WHAT IS NEEDED:
Could you return the data that follows exactly, minus the images?

Records from a data collection:
# # #

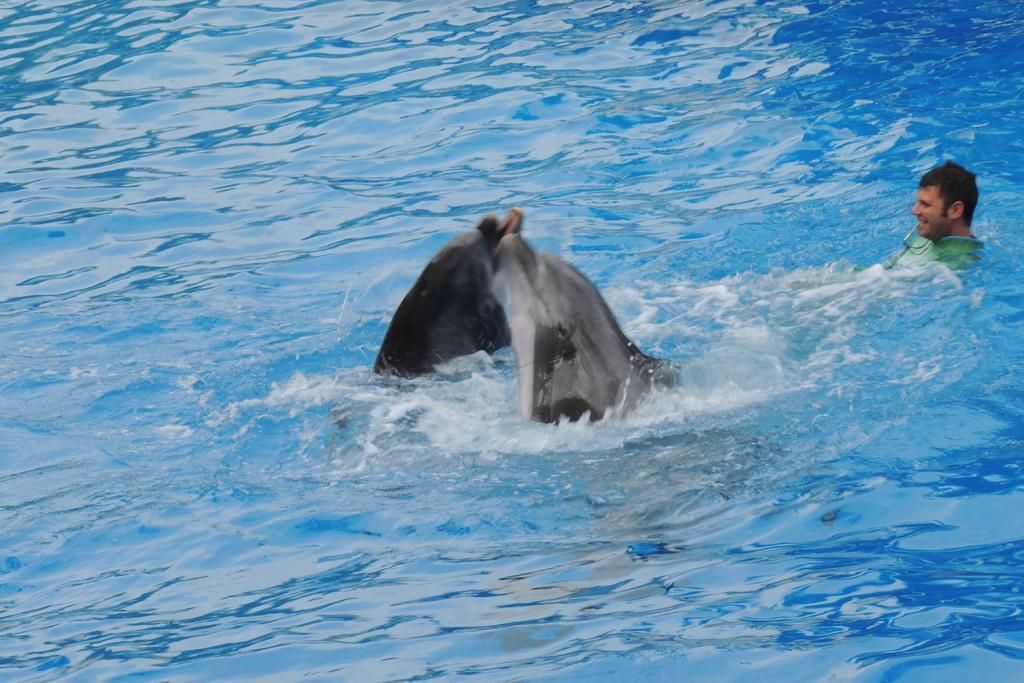In one or two sentences, can you explain what this image depicts? In this picture I can see a person in the water along with the ships. 
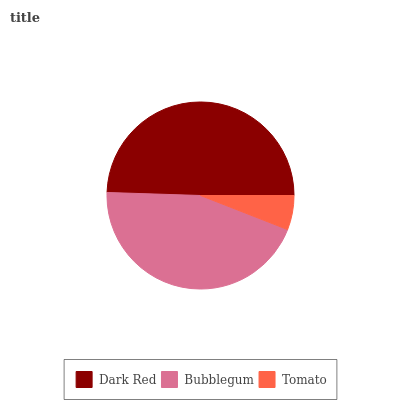Is Tomato the minimum?
Answer yes or no. Yes. Is Dark Red the maximum?
Answer yes or no. Yes. Is Bubblegum the minimum?
Answer yes or no. No. Is Bubblegum the maximum?
Answer yes or no. No. Is Dark Red greater than Bubblegum?
Answer yes or no. Yes. Is Bubblegum less than Dark Red?
Answer yes or no. Yes. Is Bubblegum greater than Dark Red?
Answer yes or no. No. Is Dark Red less than Bubblegum?
Answer yes or no. No. Is Bubblegum the high median?
Answer yes or no. Yes. Is Bubblegum the low median?
Answer yes or no. Yes. Is Tomato the high median?
Answer yes or no. No. Is Dark Red the low median?
Answer yes or no. No. 
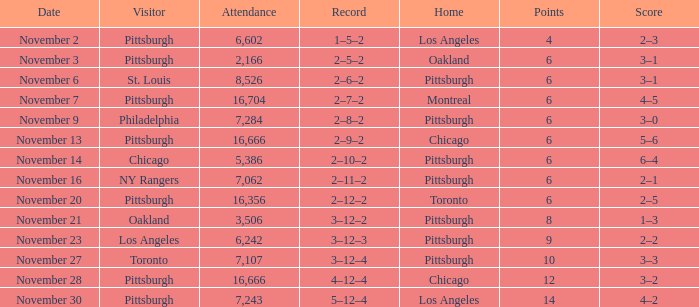What is the lowest amount of points of the game with toronto as the home team? 6.0. 
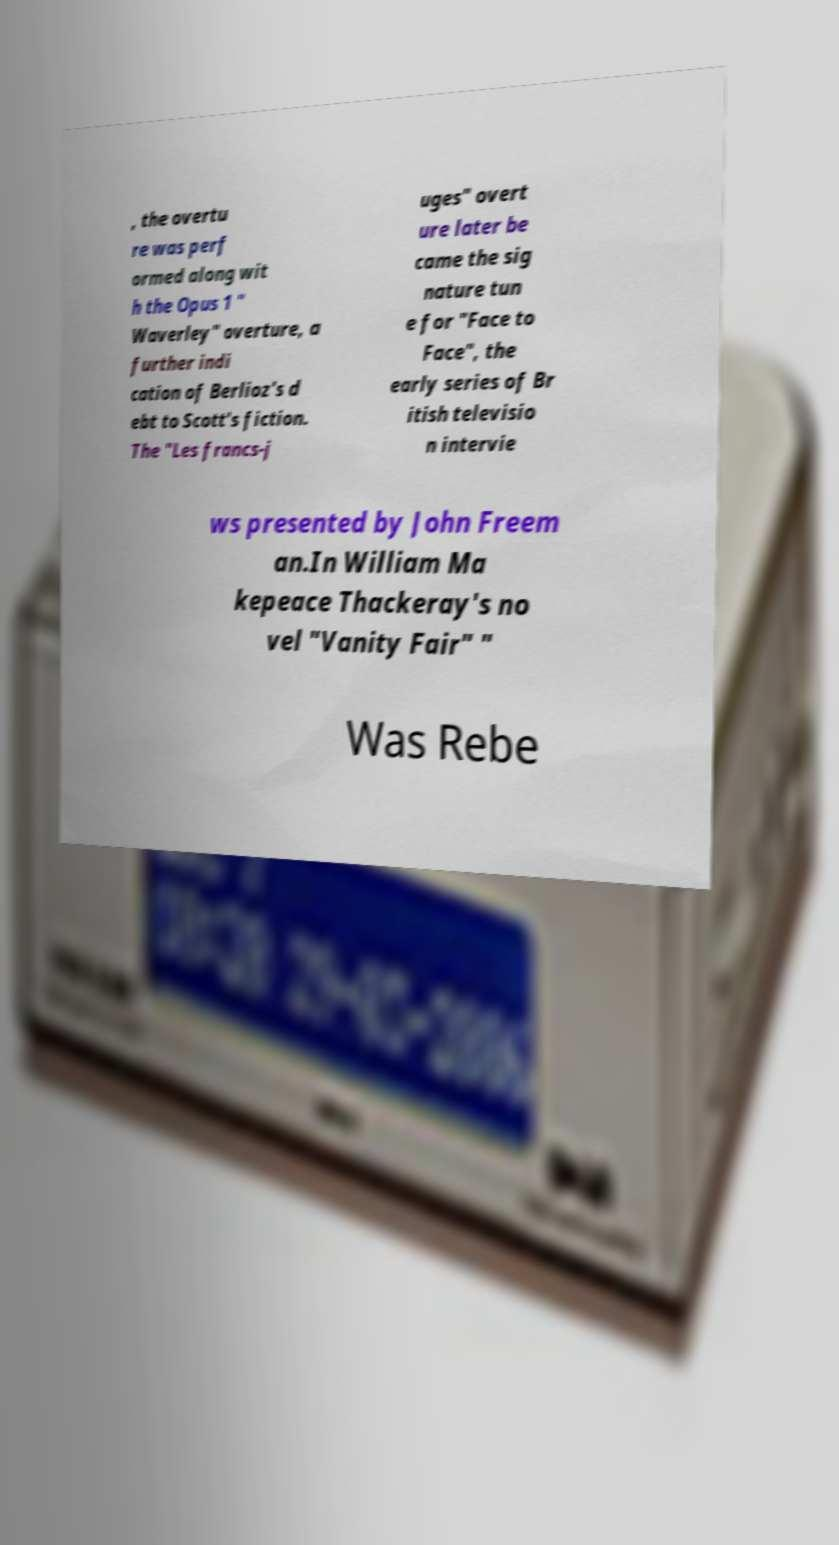Could you assist in decoding the text presented in this image and type it out clearly? , the overtu re was perf ormed along wit h the Opus 1 " Waverley" overture, a further indi cation of Berlioz's d ebt to Scott's fiction. The "Les francs-j uges" overt ure later be came the sig nature tun e for "Face to Face", the early series of Br itish televisio n intervie ws presented by John Freem an.In William Ma kepeace Thackeray's no vel "Vanity Fair" " Was Rebe 
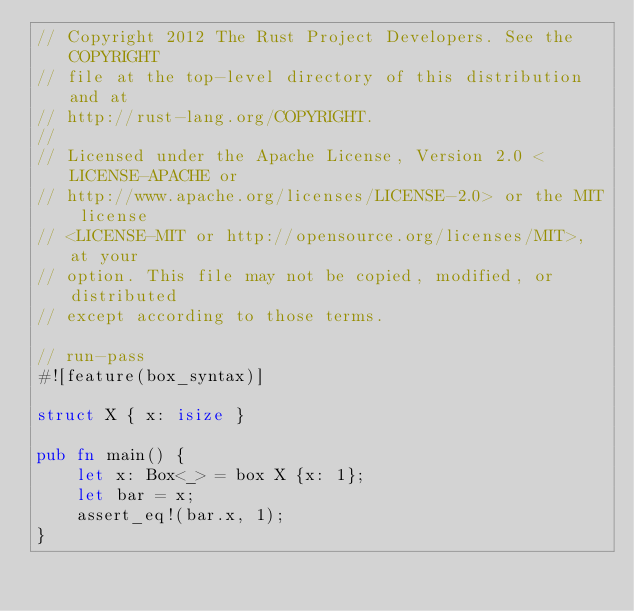Convert code to text. <code><loc_0><loc_0><loc_500><loc_500><_Rust_>// Copyright 2012 The Rust Project Developers. See the COPYRIGHT
// file at the top-level directory of this distribution and at
// http://rust-lang.org/COPYRIGHT.
//
// Licensed under the Apache License, Version 2.0 <LICENSE-APACHE or
// http://www.apache.org/licenses/LICENSE-2.0> or the MIT license
// <LICENSE-MIT or http://opensource.org/licenses/MIT>, at your
// option. This file may not be copied, modified, or distributed
// except according to those terms.

// run-pass
#![feature(box_syntax)]

struct X { x: isize }

pub fn main() {
    let x: Box<_> = box X {x: 1};
    let bar = x;
    assert_eq!(bar.x, 1);
}
</code> 
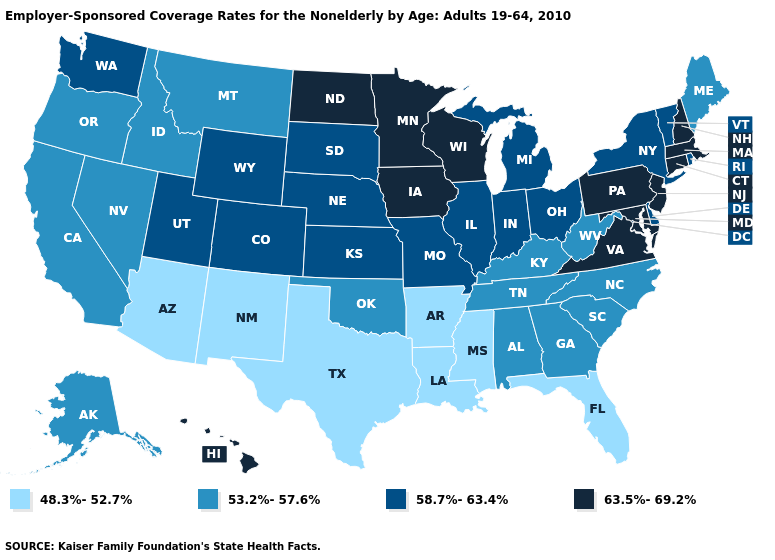Name the states that have a value in the range 63.5%-69.2%?
Give a very brief answer. Connecticut, Hawaii, Iowa, Maryland, Massachusetts, Minnesota, New Hampshire, New Jersey, North Dakota, Pennsylvania, Virginia, Wisconsin. Does Georgia have the same value as Montana?
Keep it brief. Yes. What is the highest value in the MidWest ?
Quick response, please. 63.5%-69.2%. Name the states that have a value in the range 48.3%-52.7%?
Answer briefly. Arizona, Arkansas, Florida, Louisiana, Mississippi, New Mexico, Texas. Among the states that border Alabama , which have the lowest value?
Short answer required. Florida, Mississippi. Does the map have missing data?
Concise answer only. No. What is the value of Wisconsin?
Be succinct. 63.5%-69.2%. Name the states that have a value in the range 48.3%-52.7%?
Quick response, please. Arizona, Arkansas, Florida, Louisiana, Mississippi, New Mexico, Texas. Does the first symbol in the legend represent the smallest category?
Give a very brief answer. Yes. What is the lowest value in the USA?
Write a very short answer. 48.3%-52.7%. Among the states that border Virginia , which have the highest value?
Short answer required. Maryland. What is the highest value in the USA?
Concise answer only. 63.5%-69.2%. Which states have the lowest value in the MidWest?
Keep it brief. Illinois, Indiana, Kansas, Michigan, Missouri, Nebraska, Ohio, South Dakota. Name the states that have a value in the range 53.2%-57.6%?
Be succinct. Alabama, Alaska, California, Georgia, Idaho, Kentucky, Maine, Montana, Nevada, North Carolina, Oklahoma, Oregon, South Carolina, Tennessee, West Virginia. What is the value of Idaho?
Short answer required. 53.2%-57.6%.

# # #

RESULT:
In one or two sentences, can you explain what this image depicts? In this picture I can see a person in the water along with the ships. 
Is Tomato the minimum?
Answer yes or no. Yes. Is Dark Red the maximum?
Answer yes or no. Yes. Is Bubblegum the minimum?
Answer yes or no. No. Is Bubblegum the maximum?
Answer yes or no. No. Is Dark Red greater than Bubblegum?
Answer yes or no. Yes. Is Bubblegum less than Dark Red?
Answer yes or no. Yes. Is Bubblegum greater than Dark Red?
Answer yes or no. No. Is Dark Red less than Bubblegum?
Answer yes or no. No. Is Bubblegum the high median?
Answer yes or no. Yes. Is Bubblegum the low median?
Answer yes or no. Yes. Is Tomato the high median?
Answer yes or no. No. Is Dark Red the low median?
Answer yes or no. No. 
What is the lowest amount of points of the game with toronto as the home team? 6.0. 
Could you assist in decoding the text presented in this image and type it out clearly? , the overtu re was perf ormed along wit h the Opus 1 " Waverley" overture, a further indi cation of Berlioz's d ebt to Scott's fiction. The "Les francs-j uges" overt ure later be came the sig nature tun e for "Face to Face", the early series of Br itish televisio n intervie ws presented by John Freem an.In William Ma kepeace Thackeray's no vel "Vanity Fair" " Was Rebe 
Convert code to text. <code><loc_0><loc_0><loc_500><loc_500><_Rust_>// Copyright 2012 The Rust Project Developers. See the COPYRIGHT
// file at the top-level directory of this distribution and at
// http://rust-lang.org/COPYRIGHT.
//
// Licensed under the Apache License, Version 2.0 <LICENSE-APACHE or
// http://www.apache.org/licenses/LICENSE-2.0> or the MIT license
// <LICENSE-MIT or http://opensource.org/licenses/MIT>, at your
// option. This file may not be copied, modified, or distributed
// except according to those terms.

// run-pass
#![feature(box_syntax)]

struct X { x: isize }

pub fn main() {
    let x: Box<_> = box X {x: 1};
    let bar = x;
    assert_eq!(bar.x, 1);
}
</code> 
Name the states that have a value in the range 63.5%-69.2%?
Give a very brief answer. Connecticut, Hawaii, Iowa, Maryland, Massachusetts, Minnesota, New Hampshire, New Jersey, North Dakota, Pennsylvania, Virginia, Wisconsin. Does Georgia have the same value as Montana?
Keep it brief. Yes. What is the highest value in the MidWest ?
Quick response, please. 63.5%-69.2%. Name the states that have a value in the range 48.3%-52.7%?
Answer briefly. Arizona, Arkansas, Florida, Louisiana, Mississippi, New Mexico, Texas. Among the states that border Alabama , which have the lowest value?
Short answer required. Florida, Mississippi. Does the map have missing data?
Concise answer only. No. What is the value of Wisconsin?
Be succinct. 63.5%-69.2%. Name the states that have a value in the range 48.3%-52.7%?
Quick response, please. Arizona, Arkansas, Florida, Louisiana, Mississippi, New Mexico, Texas. Does the first symbol in the legend represent the smallest category?
Give a very brief answer. Yes. What is the lowest value in the USA?
Write a very short answer. 48.3%-52.7%. Among the states that border Virginia , which have the highest value?
Short answer required. Maryland. What is the highest value in the USA?
Concise answer only. 63.5%-69.2%. Which states have the lowest value in the MidWest?
Keep it brief. Illinois, Indiana, Kansas, Michigan, Missouri, Nebraska, Ohio, South Dakota. Name the states that have a value in the range 53.2%-57.6%?
Be succinct. Alabama, Alaska, California, Georgia, Idaho, Kentucky, Maine, Montana, Nevada, North Carolina, Oklahoma, Oregon, South Carolina, Tennessee, West Virginia. What is the value of Idaho?
Short answer required. 53.2%-57.6%.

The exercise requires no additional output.